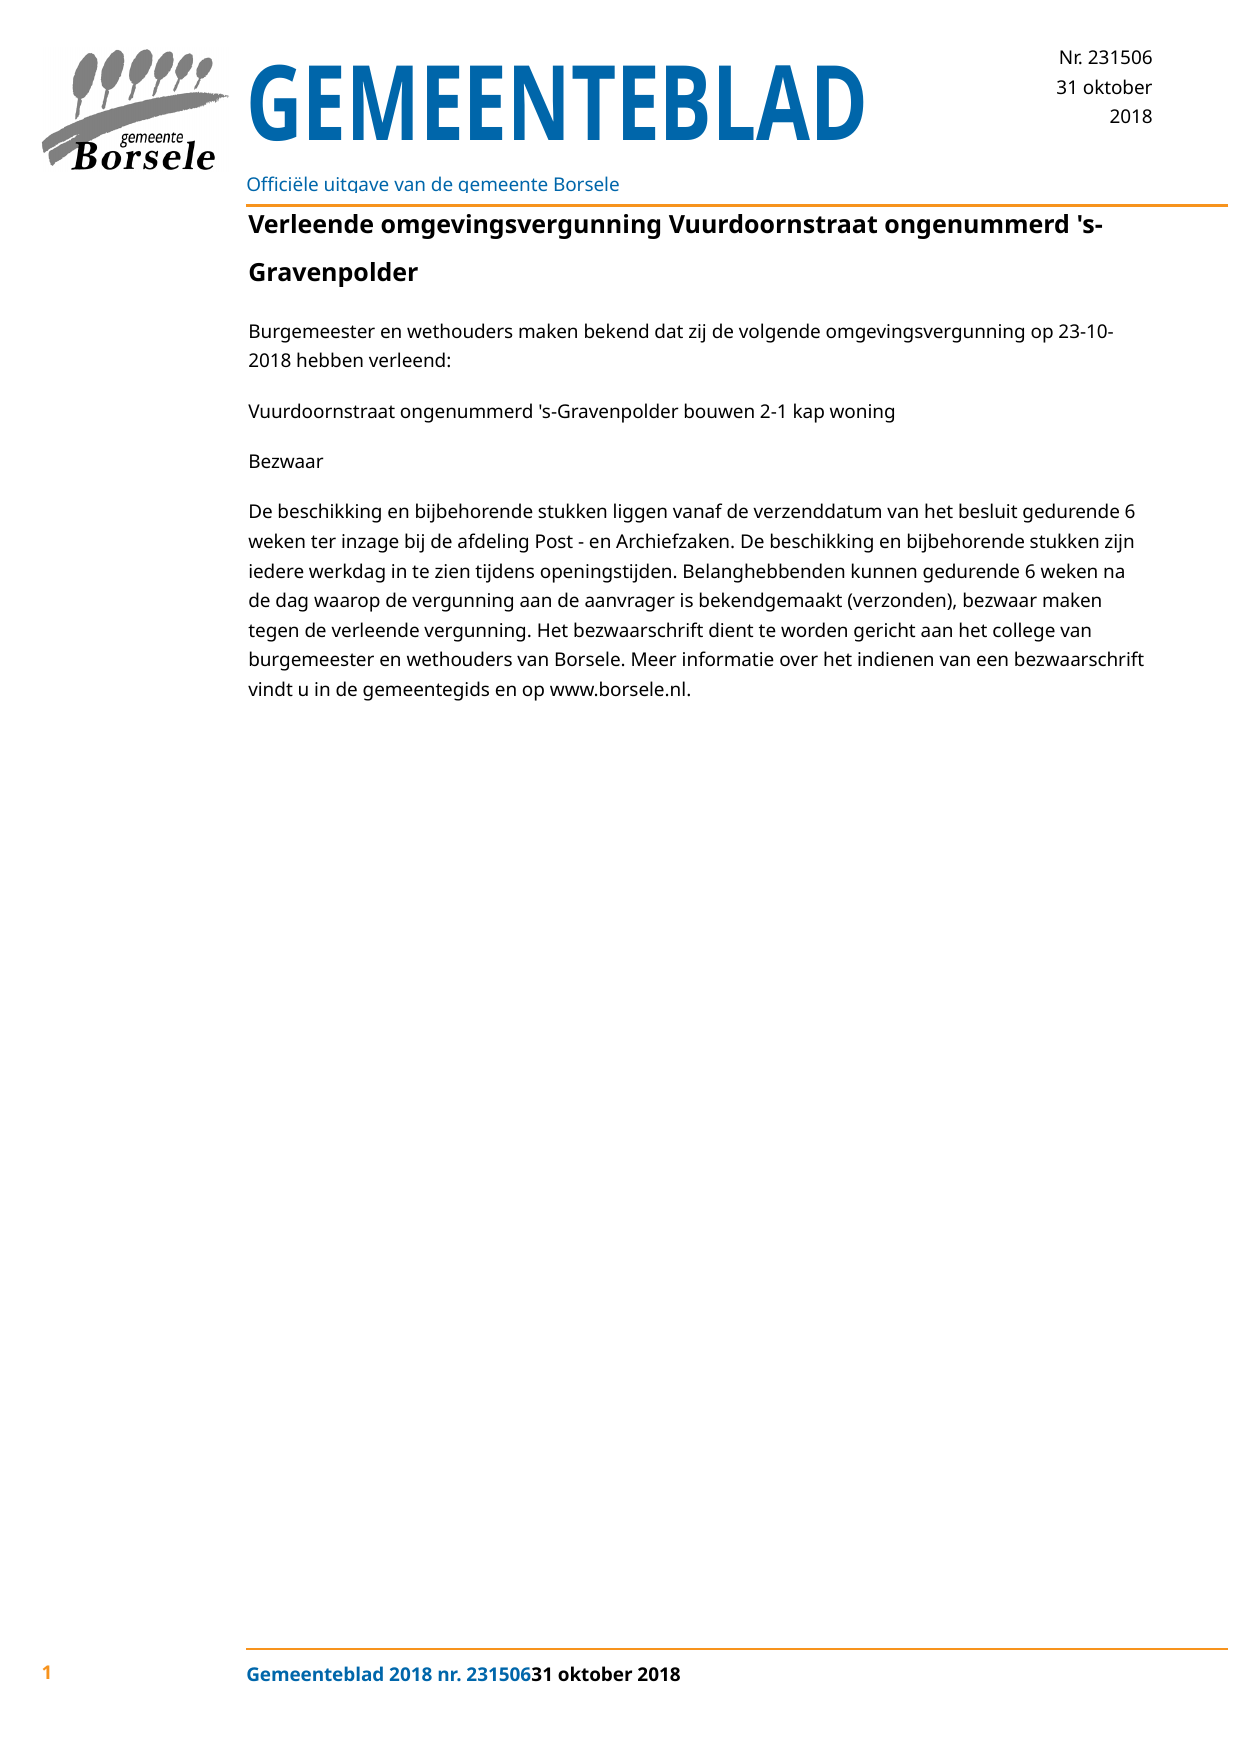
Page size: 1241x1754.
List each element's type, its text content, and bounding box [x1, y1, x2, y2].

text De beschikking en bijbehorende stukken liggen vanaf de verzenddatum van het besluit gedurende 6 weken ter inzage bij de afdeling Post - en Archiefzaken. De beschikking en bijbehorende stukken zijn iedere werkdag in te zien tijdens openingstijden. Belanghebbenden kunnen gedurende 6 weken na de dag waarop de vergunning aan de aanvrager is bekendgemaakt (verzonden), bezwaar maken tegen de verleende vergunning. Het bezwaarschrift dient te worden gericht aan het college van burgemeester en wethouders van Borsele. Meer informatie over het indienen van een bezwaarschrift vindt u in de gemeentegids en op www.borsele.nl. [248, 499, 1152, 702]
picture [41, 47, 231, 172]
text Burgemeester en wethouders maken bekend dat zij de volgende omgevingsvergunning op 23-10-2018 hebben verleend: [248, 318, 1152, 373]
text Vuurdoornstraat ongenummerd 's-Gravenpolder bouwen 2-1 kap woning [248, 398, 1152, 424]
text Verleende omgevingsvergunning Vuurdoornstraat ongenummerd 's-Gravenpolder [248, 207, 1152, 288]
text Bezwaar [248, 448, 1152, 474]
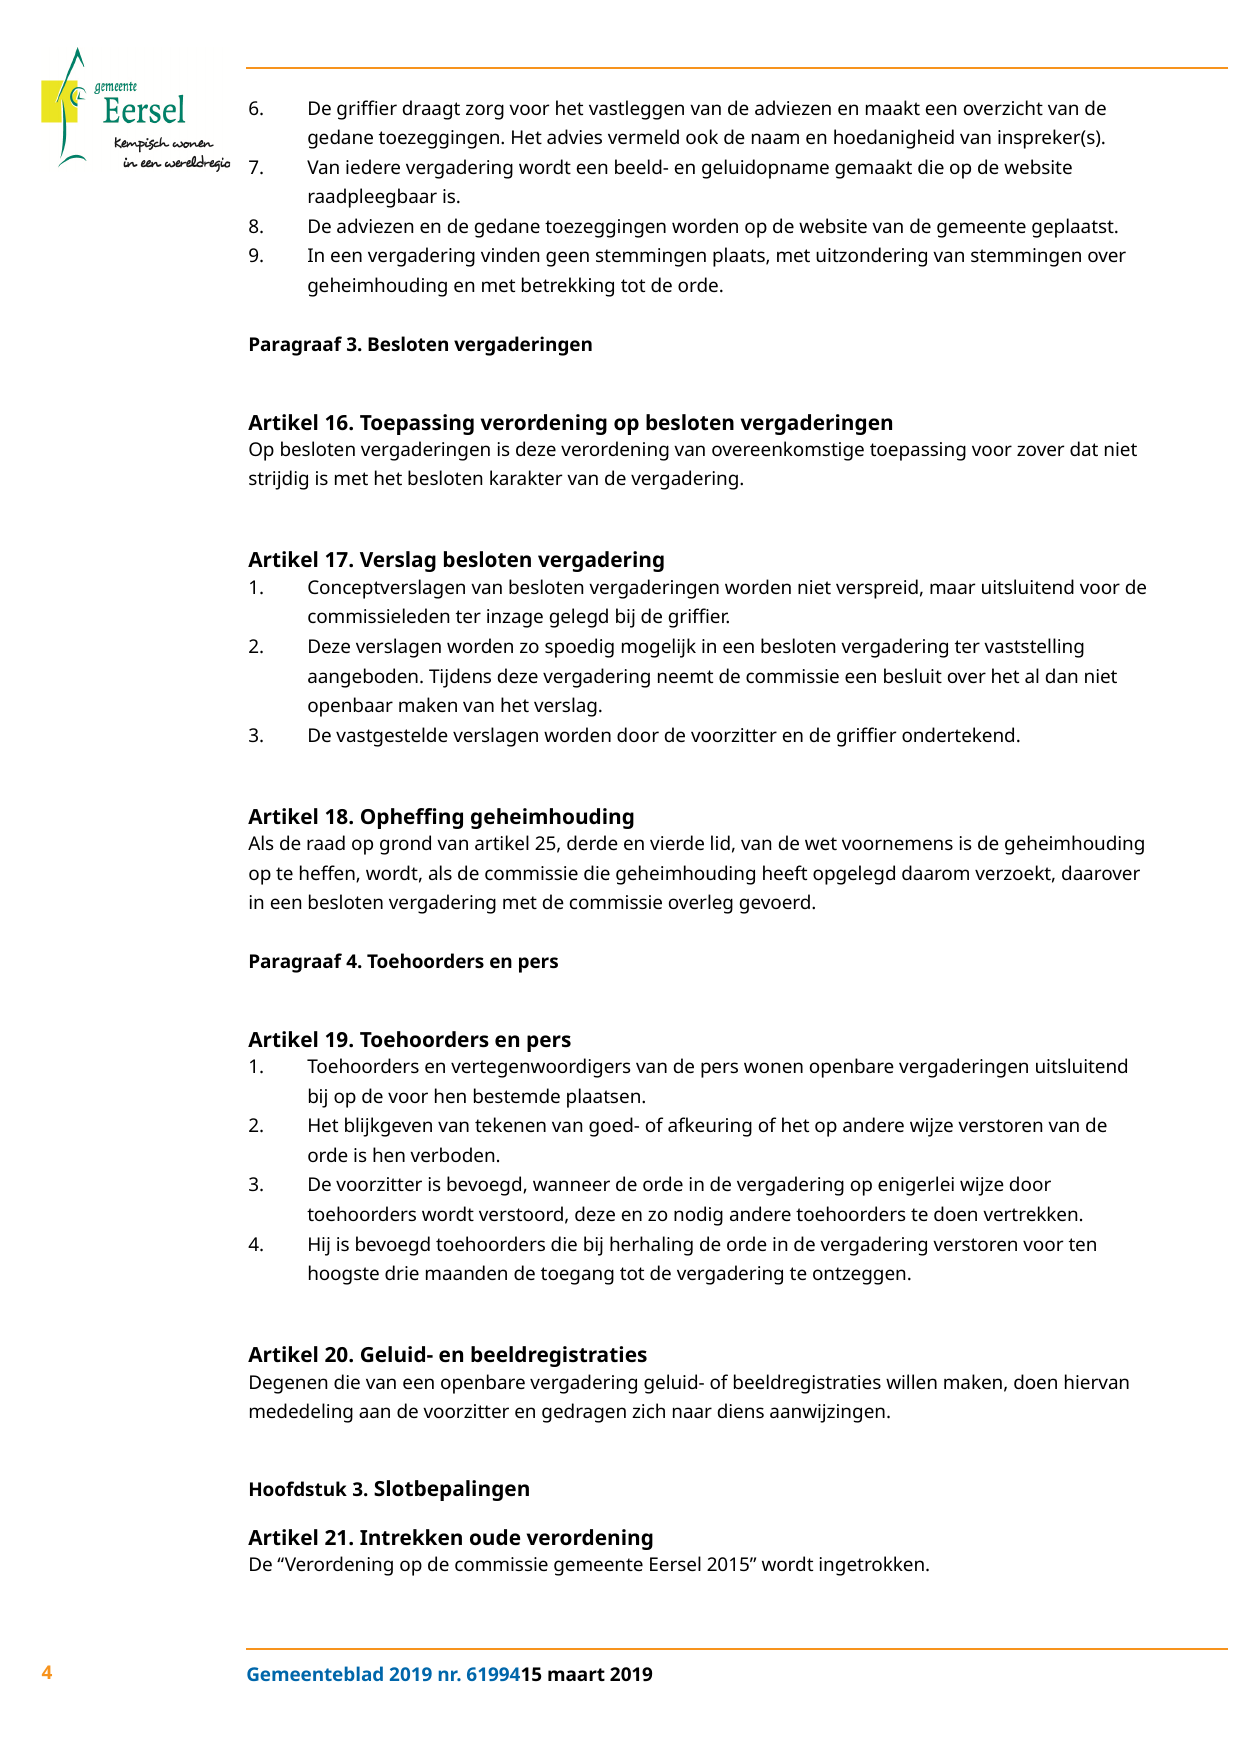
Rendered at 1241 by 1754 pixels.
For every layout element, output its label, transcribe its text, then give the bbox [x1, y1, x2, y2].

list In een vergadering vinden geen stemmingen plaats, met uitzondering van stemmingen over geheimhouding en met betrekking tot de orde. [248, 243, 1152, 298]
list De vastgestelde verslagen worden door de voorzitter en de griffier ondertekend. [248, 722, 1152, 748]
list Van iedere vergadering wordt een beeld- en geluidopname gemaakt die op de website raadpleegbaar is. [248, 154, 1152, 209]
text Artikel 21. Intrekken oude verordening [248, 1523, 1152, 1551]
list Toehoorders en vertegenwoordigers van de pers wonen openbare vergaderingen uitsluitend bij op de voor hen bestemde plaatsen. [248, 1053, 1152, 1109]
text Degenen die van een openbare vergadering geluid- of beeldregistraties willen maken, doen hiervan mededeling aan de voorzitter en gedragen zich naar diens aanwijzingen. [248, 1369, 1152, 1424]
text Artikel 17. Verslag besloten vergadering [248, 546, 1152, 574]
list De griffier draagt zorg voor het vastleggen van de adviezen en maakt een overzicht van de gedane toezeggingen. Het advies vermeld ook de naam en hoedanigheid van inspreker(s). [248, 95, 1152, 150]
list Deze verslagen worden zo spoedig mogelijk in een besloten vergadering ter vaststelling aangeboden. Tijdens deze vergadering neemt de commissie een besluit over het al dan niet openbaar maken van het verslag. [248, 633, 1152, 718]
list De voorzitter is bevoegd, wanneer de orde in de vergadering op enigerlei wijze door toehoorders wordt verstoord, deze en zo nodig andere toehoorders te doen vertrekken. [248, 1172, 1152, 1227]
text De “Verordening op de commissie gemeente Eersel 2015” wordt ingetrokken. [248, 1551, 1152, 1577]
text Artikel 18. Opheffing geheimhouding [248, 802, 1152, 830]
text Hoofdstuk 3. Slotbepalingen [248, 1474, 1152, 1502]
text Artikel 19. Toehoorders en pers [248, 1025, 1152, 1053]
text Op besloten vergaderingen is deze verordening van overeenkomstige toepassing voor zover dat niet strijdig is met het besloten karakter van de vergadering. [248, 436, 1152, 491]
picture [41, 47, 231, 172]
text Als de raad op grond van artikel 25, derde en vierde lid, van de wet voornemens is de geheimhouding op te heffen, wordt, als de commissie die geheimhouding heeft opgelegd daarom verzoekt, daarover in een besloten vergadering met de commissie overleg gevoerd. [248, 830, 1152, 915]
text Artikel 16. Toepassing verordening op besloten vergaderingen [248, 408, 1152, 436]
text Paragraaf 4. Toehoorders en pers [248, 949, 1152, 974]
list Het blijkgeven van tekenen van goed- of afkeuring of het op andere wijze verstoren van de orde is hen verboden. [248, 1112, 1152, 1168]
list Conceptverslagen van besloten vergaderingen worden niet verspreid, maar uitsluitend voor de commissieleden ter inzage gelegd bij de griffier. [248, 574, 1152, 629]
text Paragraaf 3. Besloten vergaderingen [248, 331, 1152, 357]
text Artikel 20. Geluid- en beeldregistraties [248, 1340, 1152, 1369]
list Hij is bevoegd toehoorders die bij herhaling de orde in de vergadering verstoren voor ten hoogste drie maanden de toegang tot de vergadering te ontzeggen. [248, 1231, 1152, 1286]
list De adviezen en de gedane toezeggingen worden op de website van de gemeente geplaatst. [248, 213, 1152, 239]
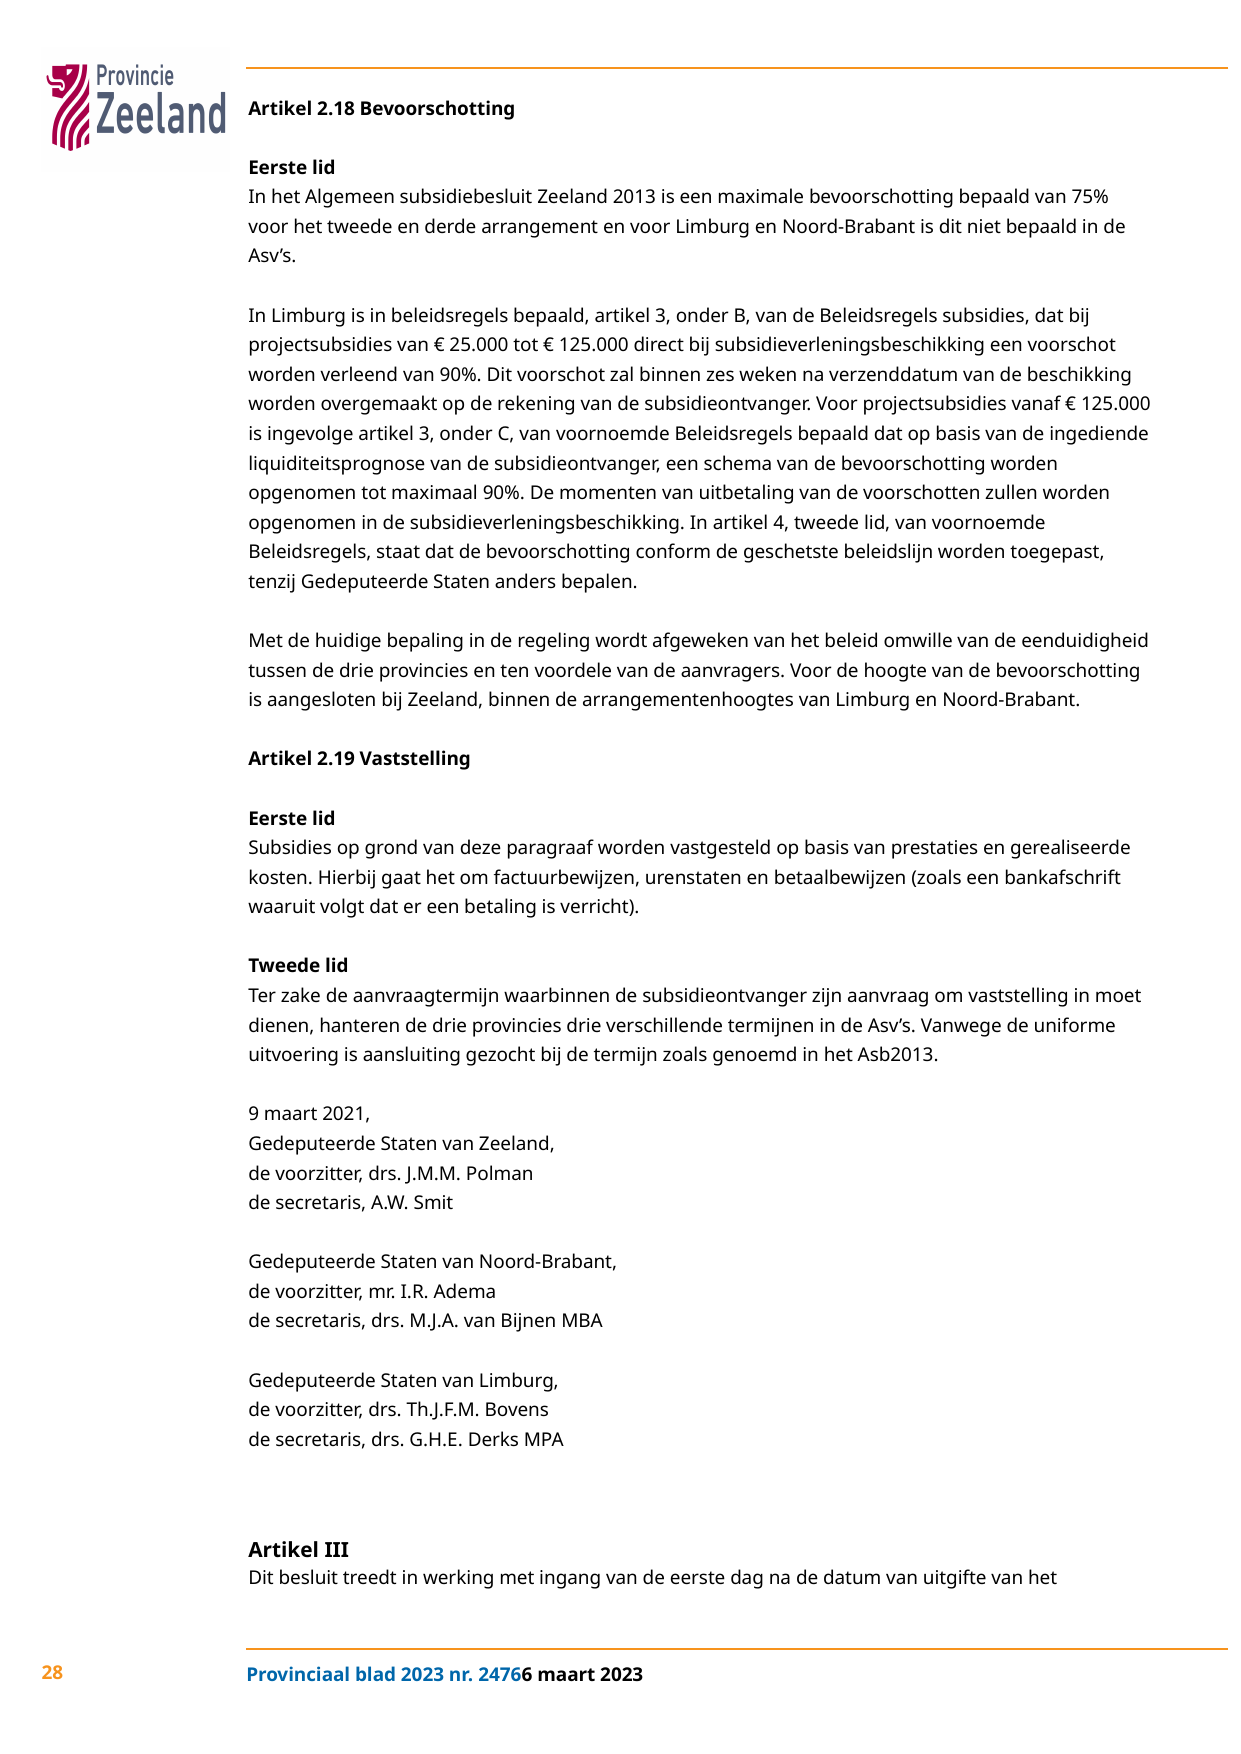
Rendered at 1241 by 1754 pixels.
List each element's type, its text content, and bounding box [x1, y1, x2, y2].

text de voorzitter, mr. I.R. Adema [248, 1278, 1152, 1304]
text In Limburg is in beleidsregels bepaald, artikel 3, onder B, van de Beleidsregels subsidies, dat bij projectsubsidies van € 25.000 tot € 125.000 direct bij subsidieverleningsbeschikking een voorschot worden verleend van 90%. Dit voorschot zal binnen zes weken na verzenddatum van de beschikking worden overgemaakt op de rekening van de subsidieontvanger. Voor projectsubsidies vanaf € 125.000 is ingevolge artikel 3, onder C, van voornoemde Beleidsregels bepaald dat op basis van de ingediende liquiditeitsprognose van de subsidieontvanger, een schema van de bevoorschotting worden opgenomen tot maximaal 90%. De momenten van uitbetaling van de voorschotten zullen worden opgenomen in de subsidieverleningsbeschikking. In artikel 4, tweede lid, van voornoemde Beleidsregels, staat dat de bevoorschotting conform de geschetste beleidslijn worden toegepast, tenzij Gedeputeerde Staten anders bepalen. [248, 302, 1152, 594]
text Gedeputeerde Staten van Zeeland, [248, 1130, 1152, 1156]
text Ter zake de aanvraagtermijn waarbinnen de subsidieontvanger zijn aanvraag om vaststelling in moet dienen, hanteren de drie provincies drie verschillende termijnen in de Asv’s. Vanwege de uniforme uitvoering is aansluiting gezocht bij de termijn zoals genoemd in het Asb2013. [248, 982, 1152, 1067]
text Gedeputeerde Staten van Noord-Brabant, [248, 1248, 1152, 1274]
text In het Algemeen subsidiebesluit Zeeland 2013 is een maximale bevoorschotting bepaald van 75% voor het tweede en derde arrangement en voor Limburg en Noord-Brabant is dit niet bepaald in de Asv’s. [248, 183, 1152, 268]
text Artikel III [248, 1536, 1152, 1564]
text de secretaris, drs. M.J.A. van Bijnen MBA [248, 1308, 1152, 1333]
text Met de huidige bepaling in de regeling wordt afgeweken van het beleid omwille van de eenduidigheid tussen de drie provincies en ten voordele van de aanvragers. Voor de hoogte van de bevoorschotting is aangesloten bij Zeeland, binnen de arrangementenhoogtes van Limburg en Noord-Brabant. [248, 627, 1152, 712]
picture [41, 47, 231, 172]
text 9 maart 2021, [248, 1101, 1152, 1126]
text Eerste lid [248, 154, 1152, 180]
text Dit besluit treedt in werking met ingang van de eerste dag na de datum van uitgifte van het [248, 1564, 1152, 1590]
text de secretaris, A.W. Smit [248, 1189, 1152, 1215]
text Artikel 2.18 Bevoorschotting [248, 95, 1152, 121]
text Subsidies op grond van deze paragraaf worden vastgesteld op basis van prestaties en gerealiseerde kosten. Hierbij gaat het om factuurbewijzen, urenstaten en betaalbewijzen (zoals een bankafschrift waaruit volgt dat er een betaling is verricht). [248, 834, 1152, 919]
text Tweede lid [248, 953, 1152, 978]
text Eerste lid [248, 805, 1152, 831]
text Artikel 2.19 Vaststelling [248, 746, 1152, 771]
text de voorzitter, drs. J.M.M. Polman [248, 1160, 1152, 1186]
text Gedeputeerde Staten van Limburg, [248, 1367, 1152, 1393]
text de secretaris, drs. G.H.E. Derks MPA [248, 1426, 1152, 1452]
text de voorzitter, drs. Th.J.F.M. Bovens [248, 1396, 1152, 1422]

-------------------------

Although pictures appear among the records above, write out exactly only the lines from the one that has "text Bezwaar [248, 448, 1152, 474]" through the one that has "list Deze verslagen", and leave the pictures out.

text Bezwaar [248, 448, 1152, 474]
Rendered at 1241 by 1754 pixels.
For every layout element, output its label, transcribe its text, then give the bbox [x1, y1, x2, y2].

list In een vergadering vinden geen stemmingen plaats, met uitzondering van stemmingen over geheimhouding en met betrekking tot de orde. [248, 243, 1152, 298]
list De vastgestelde verslagen worden door de voorzitter en de griffier ondertekend. [248, 722, 1152, 748]
list Van iedere vergadering wordt een beeld- en geluidopname gemaakt die op de website raadpleegbaar is. [248, 154, 1152, 209]
text Artikel 21. Intrekken oude verordening [248, 1523, 1152, 1551]
list Toehoorders en vertegenwoordigers van de pers wonen openbare vergaderingen uitsluitend bij op de voor hen bestemde plaatsen. [248, 1053, 1152, 1109]
text Degenen die van een openbare vergadering geluid- of beeldregistraties willen maken, doen hiervan mededeling aan de voorzitter en gedragen zich naar diens aanwijzingen. [248, 1369, 1152, 1424]
text Artikel 17. Verslag besloten vergadering [248, 546, 1152, 574]
list De griffier draagt zorg voor het vastleggen van de adviezen en maakt een overzicht van de gedane toezeggingen. Het advies vermeld ook de naam en hoedanigheid van inspreker(s). [248, 95, 1152, 150]
list Deze verslagen worden zo spoedig mogelijk in een besloten vergadering ter vaststelling aangeboden. Tijdens deze vergadering neemt de commissie een besluit over het al dan niet openbaar maken van het verslag. [248, 633, 1152, 718]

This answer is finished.